Summary
In Obadiah, ESV Expository Commentary, Max Rogland helps us preach a short book with weight. He keeps the argument moving, sets the text in its covenant setting, and shows why the Lord’s justice is never a side theme for the church. Volume 7.
We are guided through the structure with clear signposts, and we are repeatedly brought back to the main point of each unit, so we do not turn a few verses into a grab bag of ideas.
Why Should I Own This Commentary?
We should own this volume when we need help handling judgement language with reverence and pastoral steadiness. It encourages careful reading, then moves us toward proclamation that comforts the oppressed and warns the proud.
The exposition is pitched for preaching. We are helped to trace key threads, to keep the book’s logic in view, and to land applications that are shaped by the text rather than by current controversies.

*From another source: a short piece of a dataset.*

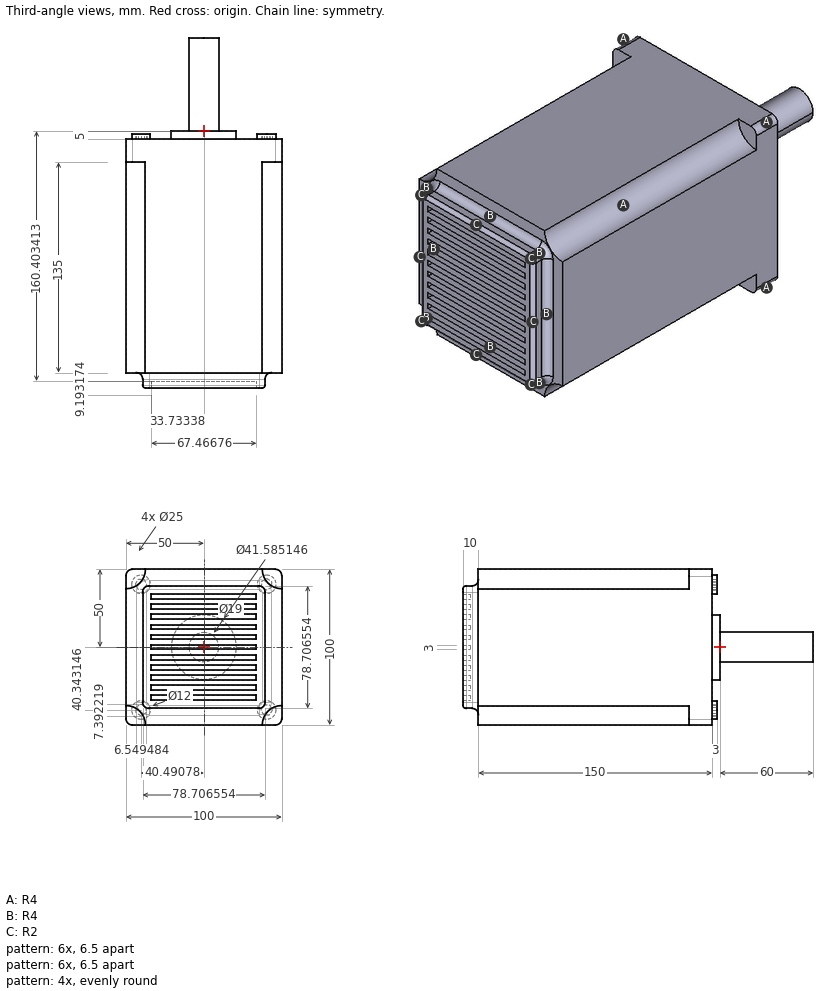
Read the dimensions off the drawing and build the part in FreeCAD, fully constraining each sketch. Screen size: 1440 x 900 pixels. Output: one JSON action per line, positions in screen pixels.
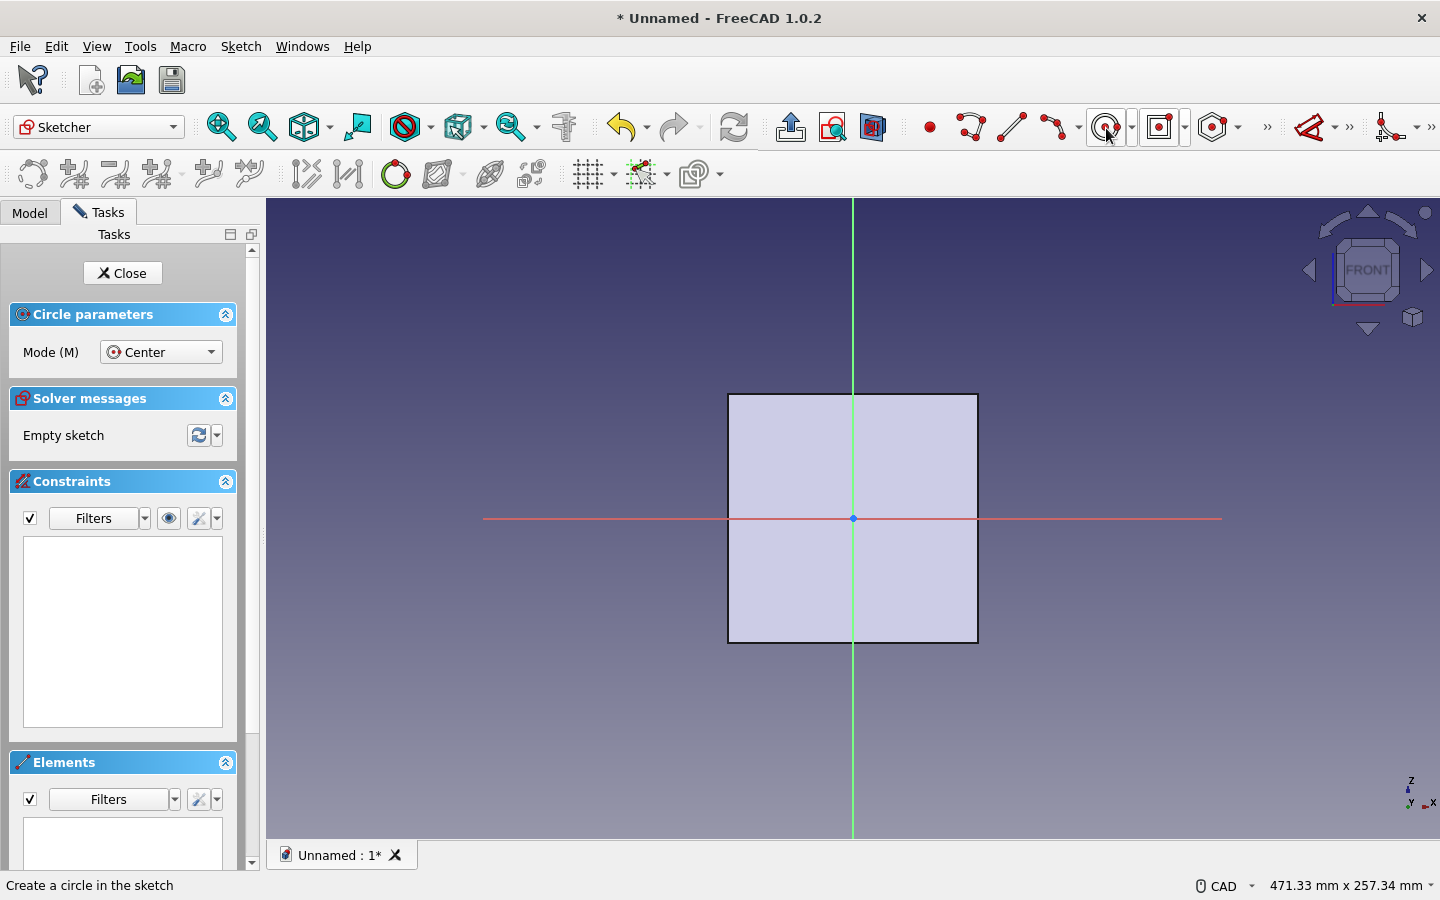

For training, it models how to treat a small prophetic book as Scripture that forms the church, not as an odd appendix to the Old Testament.
Closing Recommendation
We recommend Obadiah, ESV Expository Commentary for pastors and teachers who want a mid level guide that is alert to context and ready for the pulpit. It is especially useful when we want our sermons to hold together both the Lord’s righteousness and his refuge for his people.
As pastoral next steps, we can visit the Bible Book Overview, browse Top Recommendations, and use the Reformed Commentary Index to build a wiser working library.
Max Rogland
Max Rogland is a North American Old Testament scholar and pastor of the contemporary era, serving within a Reformed Presbyterian context.
He has written on Old Testament interpretation and has contributed to major commentary projects, with particular interest in how the Old Testament’s later books read and reuse earlier Scripture. Rogland helps preachers attend to language, structure, and canonical placement, so that sermons arise from what the text is actually doing.
He is valued for careful exegesis joined to pastoral sobriety, which is especially helpful when texts are complex or emotionally weighty. Recommended titles include his contributions to the ESV Expository Commentary, studies in Old Testament intertextuality, and his work on reading wisdom and poetry well.